As described above, by using the light emitting element drive circuit according to the present invention, the LD drive circuit of the optical transmitter for an optical digital transmission system can provide stable light emission intensity even when the "low" code is continuous. It is possible to obtain. That is, by applying the LD drive circuit according to the present invention, the optical output intensity of the optical transmitter performing the optical digital transmission is stabilized, and the pattern dependence of the amplitude deterioration in the receiving circuit can be reduced.
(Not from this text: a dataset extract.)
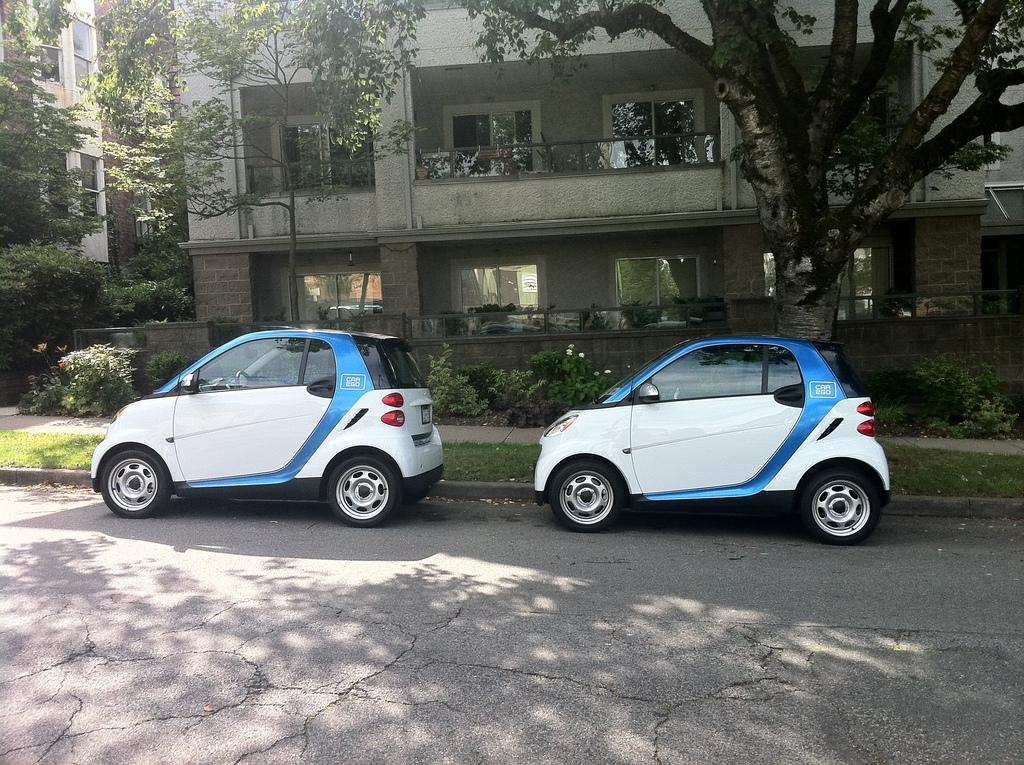What is located in the center of the image? There are cars, grass, and plants in the center of the image. What can be seen in the background of the image? There are buildings, trees, windows, and a balcony in the background of the image. What is at the top of the image? There is a road at the top of the image. How many hands are visible in the image? There are no hands visible in the image. Is there an island in the center of the image? There is no island present in the image; it features cars, grass, and plants in the center.

Since the deterioration of the reception sensitivity is improved in this way, the level difference between transmission and reception can be increased, and the transmission distance can be lengthened. In particular, ATM (Asynchronous Transfer M
ode) and PDS (Passive Double Star) transmission system.
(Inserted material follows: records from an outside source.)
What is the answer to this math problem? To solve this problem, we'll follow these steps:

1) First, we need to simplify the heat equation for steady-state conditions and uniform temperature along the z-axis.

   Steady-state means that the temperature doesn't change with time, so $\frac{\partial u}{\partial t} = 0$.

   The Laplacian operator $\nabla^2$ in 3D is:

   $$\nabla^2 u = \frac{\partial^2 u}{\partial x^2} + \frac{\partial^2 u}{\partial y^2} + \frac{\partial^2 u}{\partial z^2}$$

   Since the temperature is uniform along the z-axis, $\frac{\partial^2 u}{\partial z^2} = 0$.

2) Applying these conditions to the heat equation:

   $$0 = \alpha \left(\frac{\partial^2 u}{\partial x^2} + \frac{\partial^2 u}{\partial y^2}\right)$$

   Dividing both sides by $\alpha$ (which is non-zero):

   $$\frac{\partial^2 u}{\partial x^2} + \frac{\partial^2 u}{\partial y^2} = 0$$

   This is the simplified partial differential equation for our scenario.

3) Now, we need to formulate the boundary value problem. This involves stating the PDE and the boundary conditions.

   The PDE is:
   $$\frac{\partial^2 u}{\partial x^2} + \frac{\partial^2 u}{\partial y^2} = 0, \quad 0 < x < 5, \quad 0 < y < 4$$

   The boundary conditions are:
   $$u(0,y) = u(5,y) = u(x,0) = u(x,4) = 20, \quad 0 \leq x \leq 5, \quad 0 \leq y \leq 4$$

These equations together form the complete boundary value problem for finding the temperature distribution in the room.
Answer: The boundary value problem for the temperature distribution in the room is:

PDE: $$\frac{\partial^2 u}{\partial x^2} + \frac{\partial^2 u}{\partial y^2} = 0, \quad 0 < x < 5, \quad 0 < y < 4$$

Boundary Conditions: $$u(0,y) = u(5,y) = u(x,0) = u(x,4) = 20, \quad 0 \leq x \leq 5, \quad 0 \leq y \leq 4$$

[Brief description of the drawings]

FIG. 1 is a block diagram showing a basic configuration of a light emitting element drive circuit according to the present invention.

FIG. 2 is a waveform chart illustrating the operation principle of the LD drive circuit according to the present invention.
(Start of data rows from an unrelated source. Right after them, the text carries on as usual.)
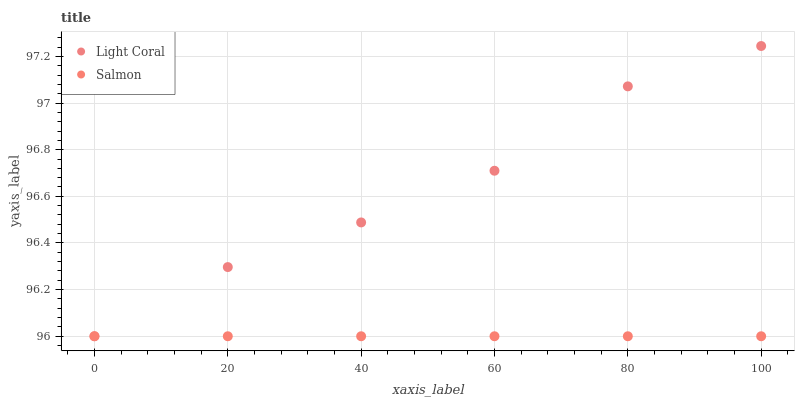Does Salmon have the minimum area under the curve?
Answer yes or no. Yes. Does Light Coral have the maximum area under the curve?
Answer yes or no. Yes. Does Salmon have the maximum area under the curve?
Answer yes or no. No. Is Salmon the smoothest?
Answer yes or no. Yes. Is Light Coral the roughest?
Answer yes or no. Yes. Is Salmon the roughest?
Answer yes or no. No. Does Light Coral have the lowest value?
Answer yes or no. Yes. Does Light Coral have the highest value?
Answer yes or no. Yes. Does Salmon have the highest value?
Answer yes or no. No. Does Light Coral intersect Salmon?
Answer yes or no. Yes. Is Light Coral less than Salmon?
Answer yes or no. No. Is Light Coral greater than Salmon?
Answer yes or no. No.

FIG. 3 is a block diagram showing a basic configuration of the present invention corresponding to claim 1;

FIG. 4 is a circuit diagram specifically showing the contents of a sample and hold circuit in the circuit configuration of FIG. 3;

FIG. 5 is a waveform chart for explaining the operation of the circuit shown in FIG. 4;
(A) is an input data waveform diagram, (b) is a waveform diagram showing a relationship between a monitor current, a peak detection voltage, and a power control voltage, and (c) is a waveform diagram showing an optical output.

FIG. 6 is a circuit diagram showing an embodiment corresponding to claim 2;

FIG. 7 is a waveform chart for explaining an operation corresponding to claim 2;

FIG. 8 is a waveform chart showing the operation principle of the LD drive circuit.

FIG. 9 is a block diagram of a conventional LD drive circuit.

FIG. 10 is a waveform chart for explaining a problem of the conventional circuit.

[Explanation of symbols]

 DESCRIPTION OF SYMBOLS 1 ... Laser diode (LD) 2 ... Monitor photodiode (MPD) 3 ... LD drive current control circuit 4 ... Current / voltage (I / V) conversion circuit 5 ... Level detection circuit 6 ... Sample & hold circuit 7 ... Peak detection Circuit 8 ... Differential amplifier circuit 9 ... D-flip-flop 10 ... Sampling switch 11 ... Hold capacity 12 ... Discharge resistor 13 ... Discharge resistor

Claims (2)

[Claims] An optical transmission circuit for converting an electric signal corresponding to a transmission code into an optical signal and transmitting the optical signal, a light emitting element for performing electric / optical conversion by current control, and a light emitting intensity of the light emitting element. A light emitting element driving circuit comprising: a light receiving element that monitors and converts the signal into an electric signal; and a drive circuit that receives the monitored electric signal as input and controls a current that drives the light emitting element. A light-emitting element drive circuit, wherein a sample-and-hold circuit for sending the result of sampling and holding an electric signal from the light-receiving element whose emission intensity is monitored by the transmission code and holding the result to the drive circuit is connected to the drive circuit. . 2. The light emitting element driving circuit according to claim 1, wherein a discharging element is connected to the sample and hold circuit.